The majority of our compute servers are HPE ProLiant DL388 Gen10, with Intel X710-DA2 SFP+ NIC (HPE Ethernet 10Gb 2-port 562SFP+ Adapter) connecting to our storage server, an HPE MSA 1050. The storage server exposes a single LUN which is used as an LVM PV (and a VG), and CTs and VMs use LVs on that VG, so it's essentially LVM-over-iSCSI.

When we run a backup job for a VM, we can see the output of vzdump showing a few megabytes to tens of megabytes read and then stuck, with dmesg -w showing "connection1:0 detected conn error (1020)" every 13 seconds (it's very precise), followed by "blk_update_request: I/O error, dev sdd, sector 16546623488 op 0x0: (READ) flags 0x4000 phys_seg 256 prio class 2". At this point, the whole iSCSI interface is unavailable and stuck for about a minute before it self-remediates. LXC containers and VMs running on this host start to turn mounted filesystems into read-only mode and must be restarted before they're operational.

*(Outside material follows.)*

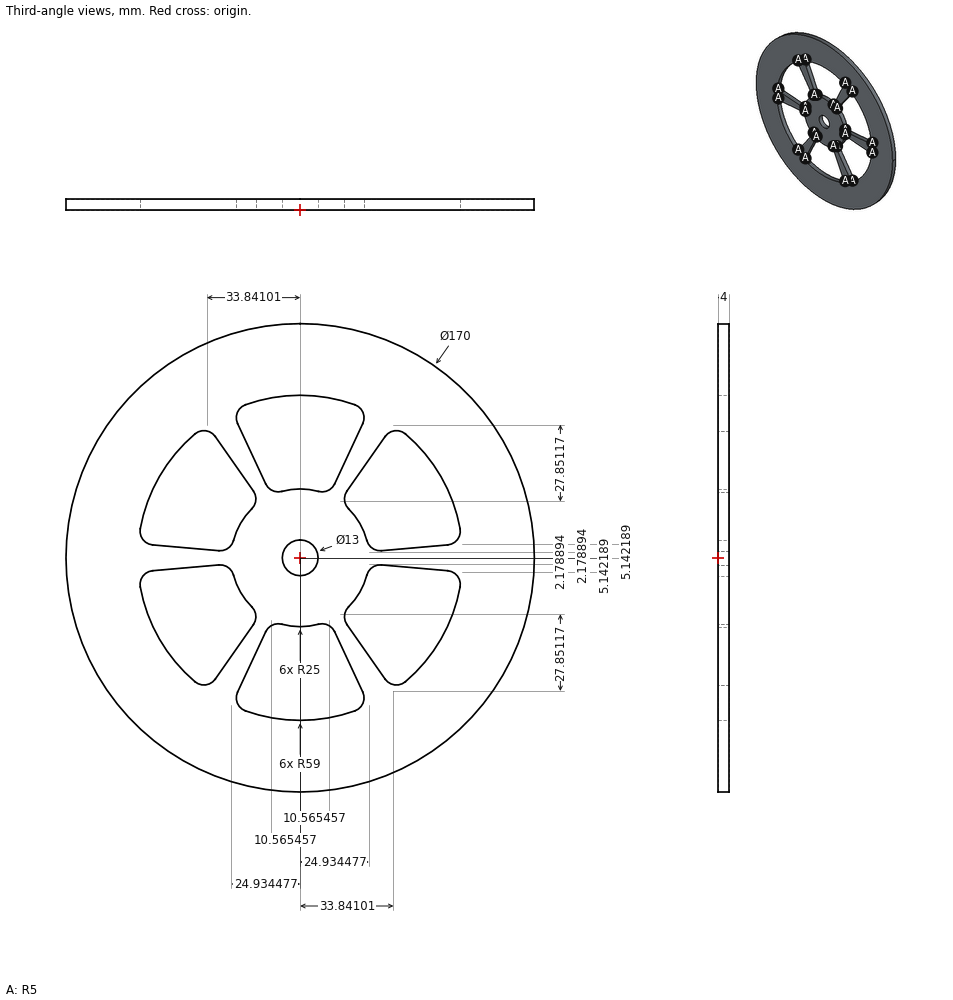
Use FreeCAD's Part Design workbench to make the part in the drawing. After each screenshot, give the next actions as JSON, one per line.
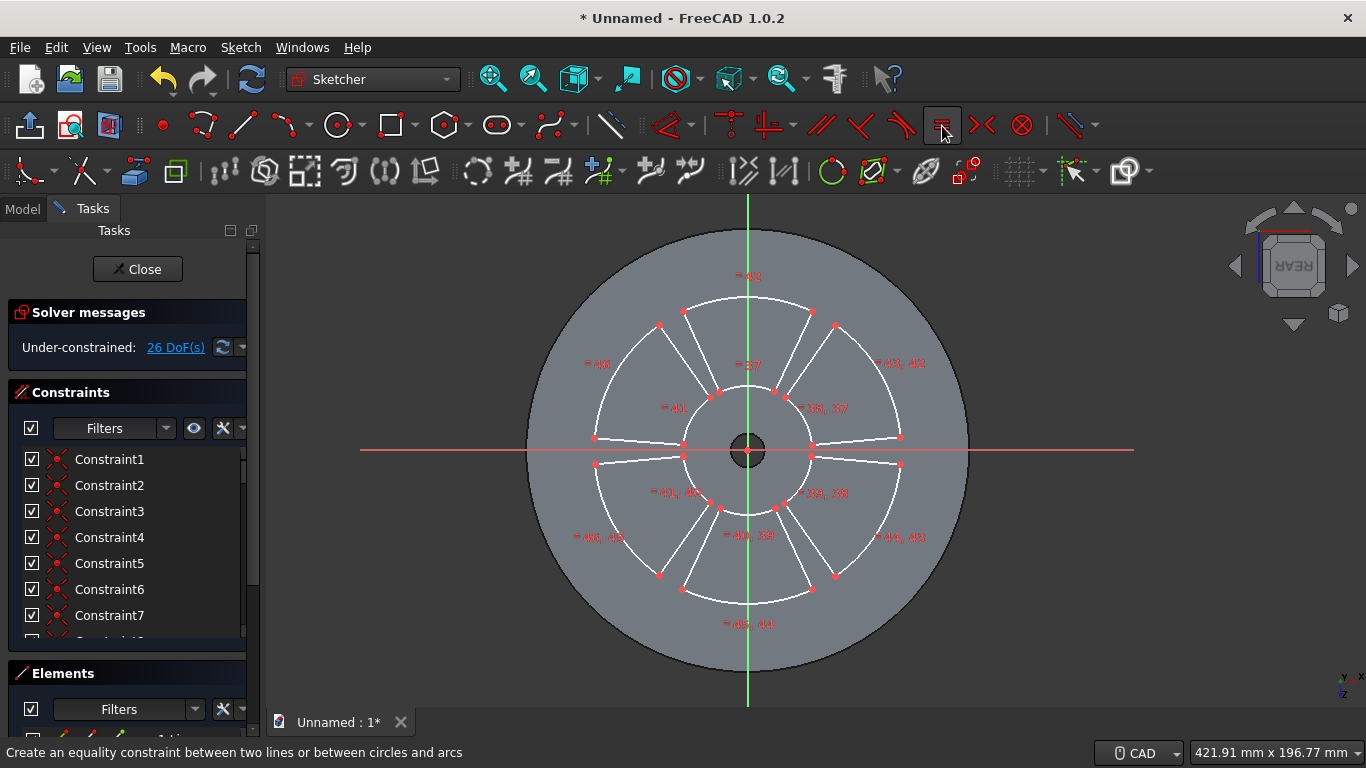
{"action": "left_click", "coordinate": [666, 126]}

tcpdump shows 3~6 seconds' inactivity before the storage server issues TCP RST. When we power off the VM and perform various kinds of operations, we could not reproduce the issue, including full-disk dd (both read tests and write tests were run) and e2fsck -f (which reports filesystem as clean), as well as migrating VM disks from / to this storage. Running vzdump on VMs on other storage (local-lvm) turns no problem out, nor does backing up LXC containers on the same LVM-over-iSCSI storage.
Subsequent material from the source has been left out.